Flexibility is essential for our overall health and well being. As we age, our muscles naturally lose elasticity and become less supple, which can lead to poor posture, poor circulation (which can be linked to kidney and cardiovascular disease) and injury. Increasing our flexibility decreases our risk of injuries when performing physical, everyday, activities by helping our joints move through their full range of motion and enabling blood flow to our muscles so they work most effectively.
This week’s featured classes will increase your range of motion and will create more flexibility and space in your entire body.
- Find Your Flexibility with Tara Judelle: Hold asanas for 30 seconds to increase hip, hamstring, and back flexibility. Starting supine and working up to seated forward bends with janu sirasana and baddha konasana, this class is good maintenance for flexibility as well as to increase flexibility. Great to do upon waking to loosen up or before bed to prepare for a restful night. Props Needed: Two blankets and a strap.

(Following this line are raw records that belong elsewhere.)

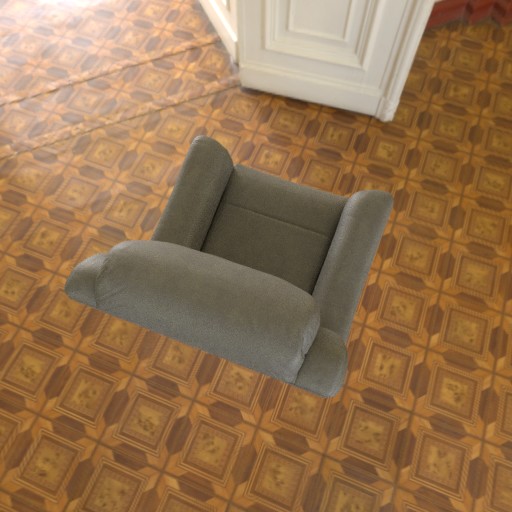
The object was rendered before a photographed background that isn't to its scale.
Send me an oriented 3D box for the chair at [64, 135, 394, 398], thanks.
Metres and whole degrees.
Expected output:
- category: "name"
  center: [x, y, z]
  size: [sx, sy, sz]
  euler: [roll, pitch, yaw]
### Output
- category: "chair"
  center: [0.000, 0.000, 1.886]
  size: [0.965, 1.116, 1.068]
  euler: [19, 66, 9]

- Cross Referencing with Mary Taylor: Throughout your body there are interconnected patterns of movement, breath and form that, when ignited, give you a deep connection to your core strength, revealing the path to your maximum flexibility and sense of balance. Work with traditional postures and variations that emphasize muscular and energetic connections side to side and head to toe as you explore your inner landscape. Unfold feelings of being open, integrated and grounded as you practice. Props Needed: A block.
- Posture Perfect with Jason Crandell: Improve your posture by focusing on creating more flexibility, openness and range of motion in your chest while strengthening your upper back and core. Move your body with a flow of vinyasas as you build strength and stretch in this critical area of your body. A backbend finishes your practice, then take savasana on your own. Lots of counter poses for the work you do on computers and devices! Props Needed: A strap.
- Deep Release for Flexibility and Grace with Taylor Harkness: To cultivate fluidity and grace, flexibility and a liberated range of motion are essential. Lengthen and release the often tight and bound up places within your body with longer, yin-style holds. The sequence works to decompress and bring space into your hips, shoulders and spine. Savasanas are sprinkled throughout and you will leave your mat feeling open and relaxed. Props Needed: A bolster, one or two blocks and a strap.
- Increase Flexibility & Strength with Stephanie Snyder: You will need 2 blocks and a blanket for this flow class. This may be challenging for you but a good effort will bring progress in your practice. This sequence will increase flexibilty and strength through standing poses, some twisting and a heart/shoulder opener.